* WORK ITEM
For the entries that follow, say how many lines hold the string "object", with nothing else in the reply.

BEGIN THE INPUT

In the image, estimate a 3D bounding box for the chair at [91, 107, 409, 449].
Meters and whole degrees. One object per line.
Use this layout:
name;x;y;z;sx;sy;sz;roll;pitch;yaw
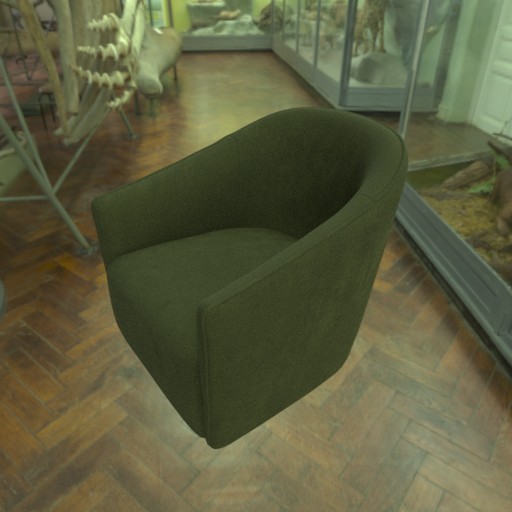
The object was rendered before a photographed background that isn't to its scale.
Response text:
chair;0.000;0.000;1.467;0.875;0.799;0.747;-22;38;-30

END THE INPUT

* PROBLEM SOLUTION
2